Хотя я уже довольно давно расстался с моими товарищами, однако еще не успел уйти далеко от нашей тюрьмы. Вдруг мне стало ясно, что с беглецами произошло несчастье. В тишине ночи пронесся страшный вопль, вслед за тем послышался шум падения чего-то, и сейчас же со стены замка раздался мушкетный выстрел. Было страшно слышать, как в городе распространяется тревога. В крепости прозвучал барабанный бой, медленный звон колокола. Со всех сторон загремели трещотки сторожей. Даже в безлюдном квартале, по которому я блуждал, в домах зажигали огни и стали распахивать рамы; я слышал, как жившие поблизости одна от другой семьи через окна переговаривались между собой. Наконец окликнули и меня.

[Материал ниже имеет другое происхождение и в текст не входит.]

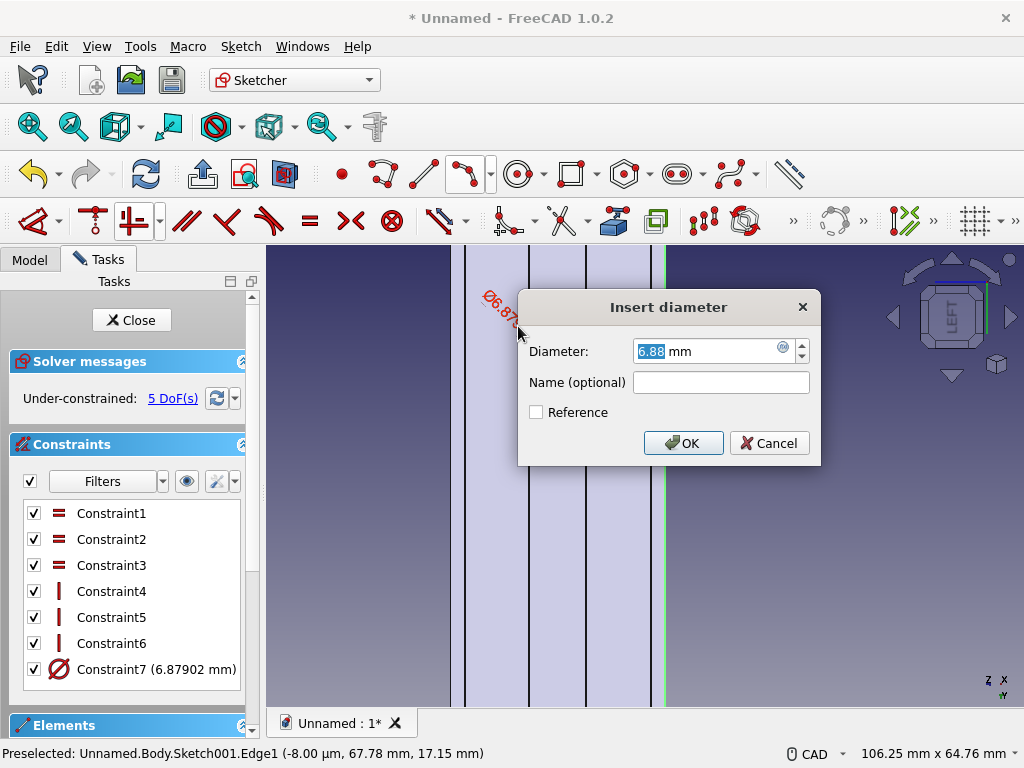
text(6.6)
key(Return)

– Кто там? – крикнул громкий голос.
Я мог рассмотреть, что со мной говорил высунувшийся из окна крупный человек в большом ночном колпаке; так как я еще не успел отойти от его дома, то решил, что будет умнее ему ответить. Не в первый раз моя судьба зависела от правильности английского произношения, и всегда опасность меня вдохновляла, как вдохновляет завзятого игрока. Я набросил на себя нечто вроде пальто, сделанного из моего одеяла, с целью скрыть желтое одеяние и ответил:
– Друг!
– Из-за чего поднялась вся эта травля? – спросил меня мой собеседник, употребив незнакомое мне английское выражение для обозначения понятия о травле; однако, слыша шум в городе, я отлично понял, о чем спрашивает он.

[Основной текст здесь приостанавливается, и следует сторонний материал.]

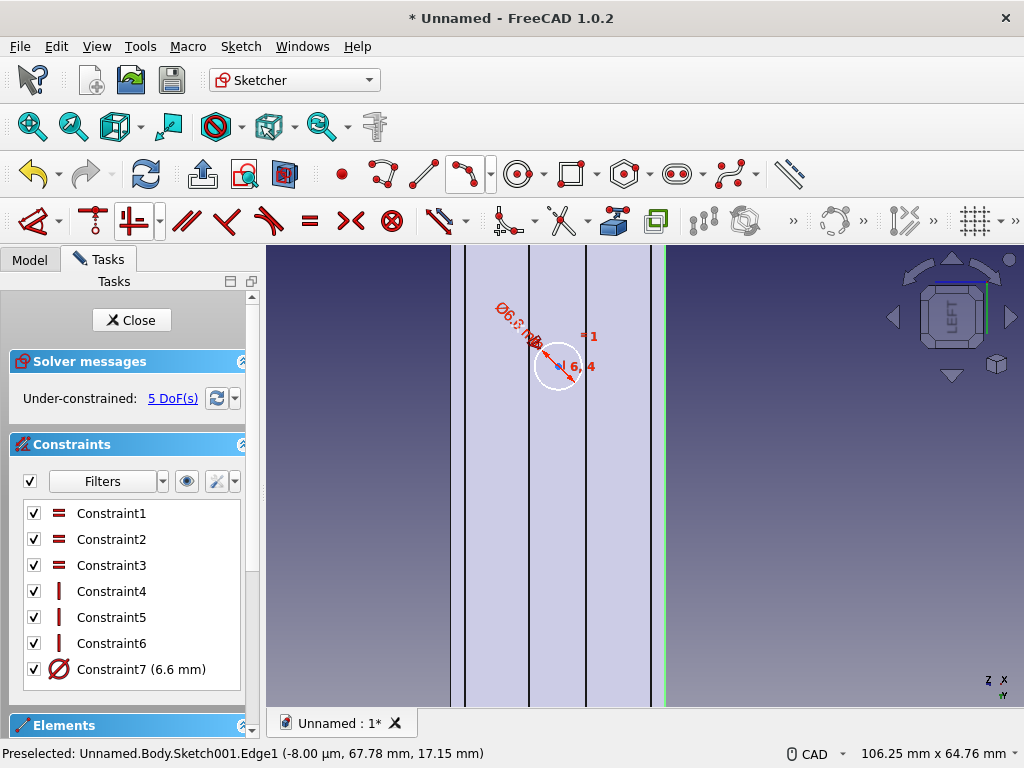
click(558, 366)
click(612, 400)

– Право, не знаю, сэр, – проговорил я, – но предполагаю, что пленники бежали.
– Проклятые! – проговорил он.
– О, сэр, их скоро поймают, – возразил я, – побег заметили вовремя. Доброго утра, сэр!
– Однако вы прогуливаетесь поздно, – сказал мой собеседник.
– О, нет, сэр, – проговорил я со смехом, – скорее рано.
Мой ответ успокоил его, и я снова двинулся в путь, восхищаясь своим успехом.
Насколько я мог судить об этом, я шел именно в желаемом мною направлении. Скоро мне пришлось очутиться на улице, вдали которой раздавался звук трещотки сторожа; как мне кажется, в домах, стоявших справа и слева, была раскрыта шестая часть окон; люди во всевозможных ночных костюмах разговаривали между собой с трагическим видом. Тут мне снова пришлось пройти сквозь строй множества вопросов и все время слышать трещотку, которая звучала все ближе и ближе, но так как я шел необычайно скоро, так как я говорил, как человек хорошего круга, а фонари светили настолько тускло, что рассмотреть мое платье было нельзя, я еще раз счастливо избежал опасности. Один человек, правда, спросил меня, куда я иду в такое время, но я дал ему неопределенный, беспечный ответ, который, по-видимому, удовлетворил его. В ту минуту, когда наконец мне удалось свернуть с этой опасной улицы, я заметил, что в противоположном ее конце появился фонарь ночного сторожа. Теперь я был в безопасности на темной большой дороге, вдали от фонарей, вдали от возможности встретить ночного сторожа. Однако не успел я пройти по шоссе и сотни ярдов, как со стороны на меня бросился какой-то человек. Я отскочил от него и остановился настороже, проклиная судьбу за то, что в руках у меня не было никакого оружия, и раздумывая, с кем я имею дело, с офицером или с ночным бродягой. Кого из двух я встретил бы охотнее – мне было трудно решить. Мой противник молча стоял передо мной; несмотря на густую темноту, я видел, что он слегка покачивался, наклонялся, точно придумывая, как бы повыгоднее напасть на меня. Наконец он сказал:
– Добрый друг (услышав эти слова, я насторожил уши), добрый друг, не сообщите ли вы мне одного маленького сведения, необходимого для меня? А именно: какая дорога ведет в Крэмонд?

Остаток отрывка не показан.